Initial Reactions; Potential Bugs; Nvidia?
billg at f-m.fm
Thu Sep 16 11:16:54 UTC 2004
I've just installed "Warty" from the CD. So far, I like what I see.
Where're some comments:
1) The installer is a slightly tweaked version of the new Debian
Installer. I've successfully used that installer several times. It is
a big improvement over the traditional Debian install, but is, I
think, not quite there for users who aren't familiar with Linux
installs. I'd like to see more explanation about the actions the
installer is about to take, before it takes it. I prefer installers
that allow you to move back and forth, adjusting options as
necessary, and only performing the install after the user commits to
the choices (ala Redhat and Fedora).
2) The installer would benefit a lot from being converted to a graphical
app, which allows more information on screen. This is especially
true if the user needs to do his own partioning, rather than
defaulting to "use entire disk". Presenting all the "Format", "File
System", "Mount Point", etc., options on one screen is a lot easier
to handle and get right than flipping back and forth through a series
3) I noticed that the installer didn't pester me with questions about
things it already knew, like whether or nor my clock is set to
local or UTC.
4) Possible install bug: After the first reboot, at the conclusion of
the initial configuration screens, an option asks, and recommends,
that the user perform an Internet update. I accepted the option.
Aptitude, presumably, started running, but immediately stalled while
waiting for the headers. I opened another console window. (Tried to
login as root until I remembered how Ubuntu handles root. It'd be
nice to intercept these attempts and respond with an appropriate
message. Ubuntu's treatment of root wasn't explained during the
install.) Back to the bug: I checked sources.list to see what servers
aptitude was trying to use. However, that file showed no servers as
repositories, only the CD. So, if this initial update was, in fact,
trying to pull files down from servers listed in sources.list,
something was amiss. Following the install, sources.list was
populated with the right servers. (It still takes up to several
minutes to get the headers, which I suspect is attributable to
5) I used an Nvidia card (GeForceFX 5900XT) and a flat panel LCD monitor
(Xerox XG-70D). The install didn't ask me to select a driver for my
card. It would have been nice if the installer, however, told me what
driver is had selected and asked for confirmation. It did, in fact,
select the "nv" driver. The refresh rates it selected were safe, but
incorrect, and, again, I didn't have the chance to confirm or change
those settings during the install. If it guesses wrong and X can't
run, a lot of users are going to be flummoxed. The install did show
me the screen dimensions it had selected and allowed me to change
them. (My monitor wants to run at 1280x1024, and the install did not
(**Anyone installed the "nvidia" driver yet? I noticed that no kernel
source is installed, which means Nvidia's installer won't work.)
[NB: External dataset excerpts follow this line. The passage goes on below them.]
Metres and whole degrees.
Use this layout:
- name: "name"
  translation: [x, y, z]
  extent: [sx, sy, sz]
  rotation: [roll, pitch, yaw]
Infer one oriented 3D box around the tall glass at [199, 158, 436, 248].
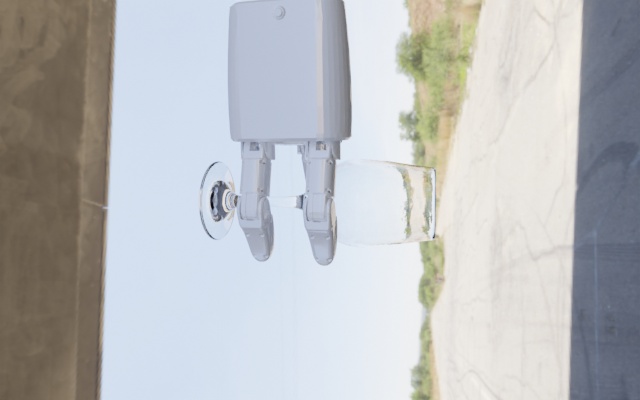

6) I'd emulate SuSE and display a window of info on the desktop the
first time the machine boots up. On SuSE, this window contains links
to the release notes, important last minute info, and general info
about updating and what to do next. The window doesn't appear after
subsequents boots, but it is accessible from a menu.
7. Printing: Adding a printer worked OK. Afterwards, setting up the
printer via "Properties", it defaulted to a CUPS network connection
when it should have picked the "local" option. Since the
"Properties" config does not launch automatically after a printer is
added, this kind of error can be missed and result in the appearance
of broken printing.
8. I like the Ubuntu theme and color. Nkosi, sikelel' iAfrika.